L’adozione di possibili soluzioni nel peculiare contesto condominiale
Per quanto riguarda le soluzioni adottabili, queste sono molte e diverse (una su tutte quella dei c.d. dissuasori) ma, nello specifico contesto condominiale, è necessario che queste non vadano ad alterare il decoro architettonico dell’edificio.
Sicuramente una soluzione non può essere quella della distruzione di nidi e uova in quanto, dal 2010, è stato introdotto in Italia il divieto di «distruggere o danneggiare deliberatamente nidi e uova».
Fatta questa (forse inutile ma) doverosa precisazione, la necessità o l’opportunità di adottare sistemi che impediscano o limitino la presenza di piccioni, a tutela della salubrità di alcune unità immobiliari, e il relativo criterio di riparto della spesa dipende dal tipo di intervento prospettato.
Il possesso di animali “atipici” e animali pericolosi
La legge 150/1992 vieta il commercio e la detenzione di “esemplari vivi di mammiferi e rettili che possono costituire pericolo per la salute e l’incolumità pubblica”. In altre parole, contiene il divieto di detenere animali pericolosi.
Per quanto concerne gli animali c.d. esotici (quindi non autoctoni) e quelli “non convenzionali” (ma comunque autoctoni) è possibile tenerne in casa determinate specie nel rispetto delle regole e delle raccomandazioni del Corpo Forestale dello Stato. A titolo puramente esemplificativo, quindi, potremmo dire che: mentre è illegale la detenzione di animali come la scimmia cappuccina, si possono adottare rettili come l’iguana, il pitone e la tartaruga o anche uccelli come i pappagalli ara per i quali però è necessario richiedere l’autorizzazione al possesso.
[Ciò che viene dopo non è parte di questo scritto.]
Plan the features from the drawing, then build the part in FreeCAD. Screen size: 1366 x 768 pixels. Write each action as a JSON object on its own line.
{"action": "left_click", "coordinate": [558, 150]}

Il problema dei ratti, possibili rimedi e relative attribuzioni
I topi sono responsabili della trasmissione di una serie di malattie molto pericolose per l’uomo come la salmonellosi, la leptospirosi, il colera e, attraverso i parassiti che si annidano nel loro manto come pulci e zecche, possono trasmettere la peste, la rickettsiosi e il tifo murino.
Essi sono responsabili anche di ingenti danni economici dal momento che attaccano le derrate alimentari contaminandole, rodono i cavi elettrici e del gas col rischio di provocare un corto circuito o una fuga di gas, rosicchiano tubi di scarico degli elettrodomestici e di ogni altro materiale con cui vengono a contatto, per cui è molto importante svolgere un’attenta azione preventiva in tutta l’area condominiale per scongiurare un’invasione di topi.
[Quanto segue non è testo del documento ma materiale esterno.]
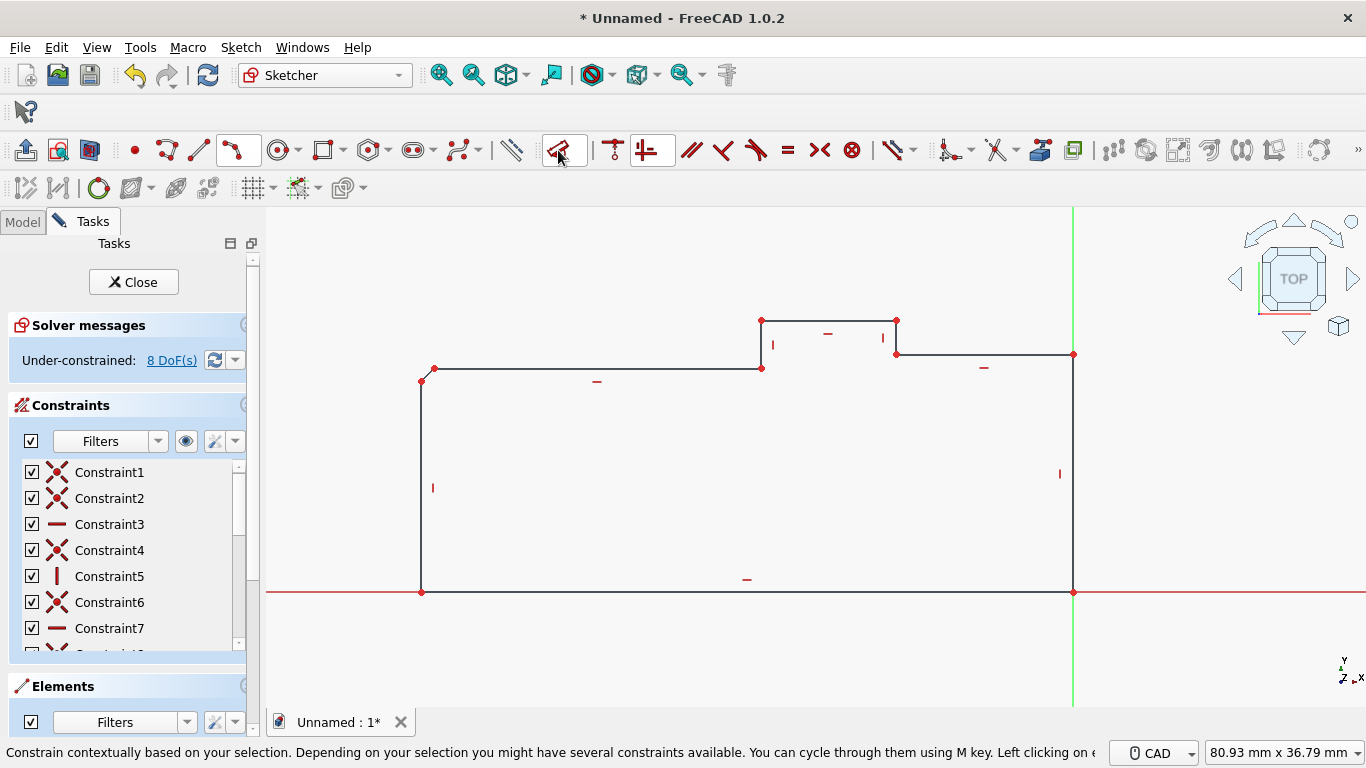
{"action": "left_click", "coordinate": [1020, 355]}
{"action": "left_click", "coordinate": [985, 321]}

In diversi comuni italiani, la derattizzazione nei condomini privati è obbligatoria e, pertanto è dovere dell’amministratore condominiale provvedere affinché l’immobile sia in regola con le norme previste e non incorra in eventuali sanzioni. In particolare, l’amministratore condominiale è tenuto a riunire i condomini in assemblea e comunicare i preventivi di spesa da affrontare, in base alla decisione comune incaricherà la ditta prescelta. A conclusione dei lavori, deve farsi rilasciare il relativo attestato.
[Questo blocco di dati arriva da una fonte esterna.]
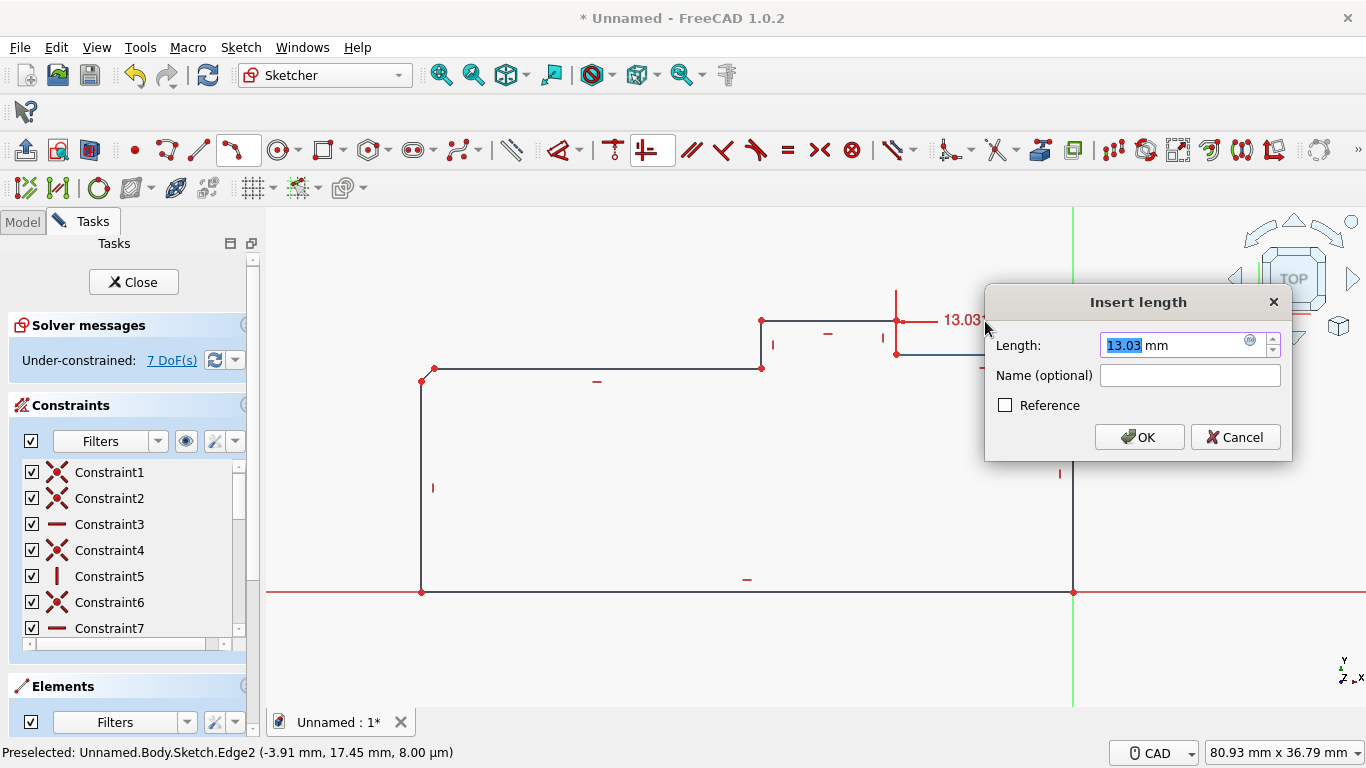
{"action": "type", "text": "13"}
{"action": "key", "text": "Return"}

In caso di emergenza, l’amministratore può intervenire direttamente senza consultare l’assemblea dei condomini e in assenza di preventivo, tuttavia è obbligato a comunicare loro in anticipo la data in cui avrà luogo la disinfestazione, dal momento che saranno usate sostanze tossiche per le persone e per gli animali domestici che vivono nel condominio; infatti, sono interessate dalla derattizzazione tutte le parti comuni dell’edificio, sia gli spazi interni come scale, cantine, solai, sottotetti, che le aree esterne come giardini, parcheggi, terrazze.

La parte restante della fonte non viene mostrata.